Auf der einen Seite stehen Menschen der LGBTQIA-Community, die seit jeher, auch seit Beginn ihrer persönlichen Geschichte dafür kämpfen, einfach nur als sie selbst leben zu können. Dafür setzen sie auf Aufklärung, um auch Kindern zu ermöglichen, sich ein eigenes Bild darüber zu machen, was Menschsein alles bedeutet. Queere Kultur ist darauf ausgerichtet, Mut zur Selbstfindung zu machen. Es geht um Freiheit – zu wissen, dass man die Wahl hat, in Beziehungen zu leben, Sex zu haben, Outfits zu tragen, einfach zu leben wie und mit wem man will. Aber queere Menschen müssen nach wie vor um diese Selbstverständlichkeit kämpfen. Widerstand kommt aus der unüberschaubaren Masse der Gesellschaft, vielfach auch aus den eigenen Familien.
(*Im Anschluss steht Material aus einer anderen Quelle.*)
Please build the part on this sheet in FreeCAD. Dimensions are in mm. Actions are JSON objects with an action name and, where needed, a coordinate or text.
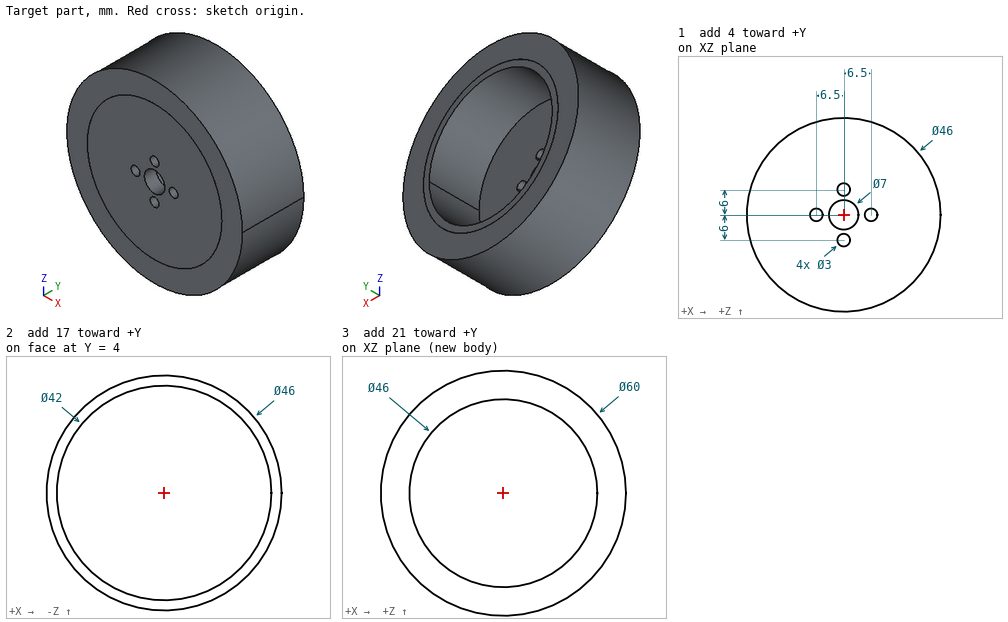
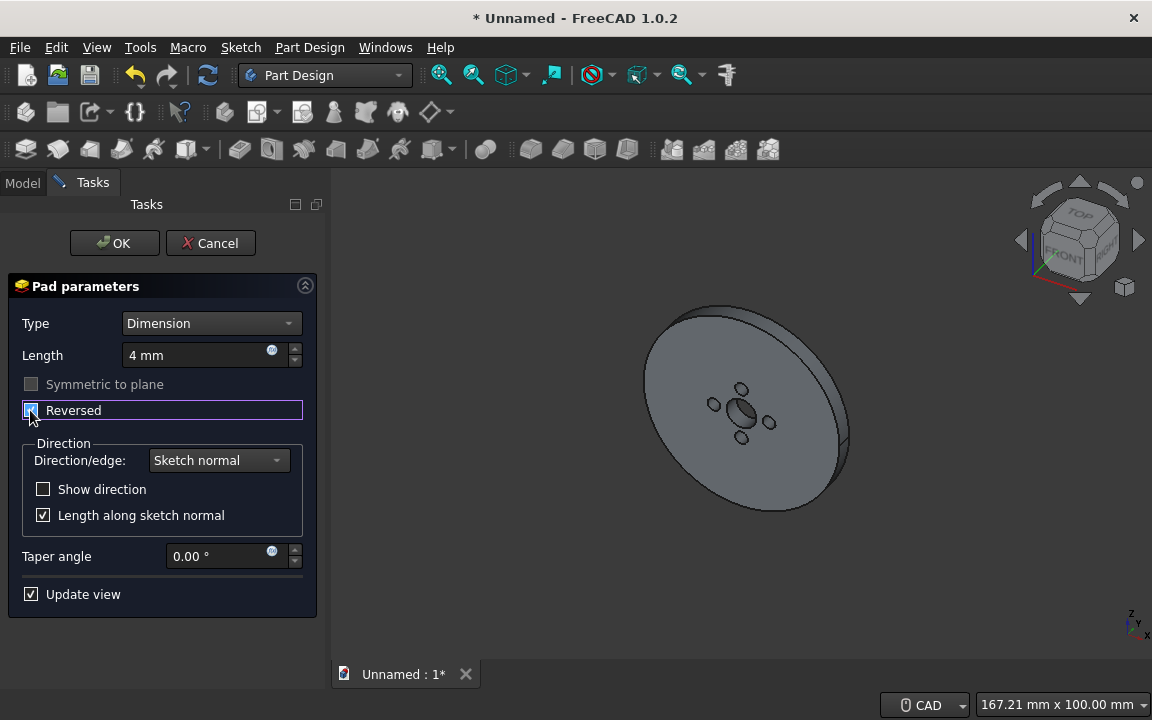
{"action": "left_click", "coordinate": [115, 243]}

In vielen Staaten werden queere Menschen mit Freiheitstrafen, in manchen mit Hinrichtung bedroht, weil ihre bloße Existenz als Verbrechen betrachtet wird.

Rechtssein ist Luxus

Auf der anderen Seite der Polizeiabsperrung marschieren Menschen in der Öffentlichkeit auf, die diese Probleme nicht kennen. Das Schlimmste, das ihnen als Gruppe widerfuhr, war eine kostenlose Covid-19-Impfung, auf die sie verzichteten. Weiterhin setzen sie auf Anti-Aufklärung, um andere zu Feindbildern zu machen; andere, von denen sie nichts wissen und auch nichts wissen wollen. Wer weiß, wie viel sie über sich selbst wissen (wollen)? In der Sexualisierung von Drag-Queens und dem abstrusen Verständnis von „Kinderschutz“, lässt sich erahnen: die Rechten projizieren hier ihre eigene Scham, die eigene (gestörte) Beziehung zu Sexualität und Genderrollen. Und wer weiß, wie vielen von ihnen es bewusst ist, wenn sie die Propaganda der alten Faschisten reproduzieren (einigen von ihnen gewiss)?

Demokratischer Überlebenskampf

Wofür gehen diese Rechten also auf die Straße? Gegen andere Menschengruppen, die sie als wehrlos erachten und für die eigenen Vorurteile. Während wir – als queere Personen, es betrifft aber auch andere Minderheiten – quasi ständig um unser Leben kämpfen müssen, um unsere Existenzberechtigung.

Die Rechten sprechen ihre Wünsche mittlerweile auch ganz offen aus. Sie richten sie zwar hier an und gegen Drag Queens bzw. Transgender-Personen (die sie in der Regel gleichsetzen) und andere queere Menschen. Aber gemeint sind alle, die in einem pluralistischen, demokratischen und liberalen Land leben möchten. Die Feindseligkeiten gegenüber Minderheiten sind ein Schnelltest auf die Gefahren, die der gesamten Gesellschaft drohen. Dragqueens stellen dabei offenbar den schillerndsten Köder dar, der die letzten Keller-Nazis ins Licht der Öffentlichkeit lockt. Wenn man schon den Wald (Rechtsextremismus) vor lauter Bäumen (Ausländerfeindlichkeit, Rassismus und Misogynie) nicht erkennen will: Die rechte Forderung, Dragqueens in der Öffentlichkeit zu verbieten, sollte auch jenen die Augen öffnen, die normalerweise lieber nicht so genau hinsehen. Eine Demokratie kann nicht überleben, ohne Vielfalt an menschlichen Lebensmöglichkeiten.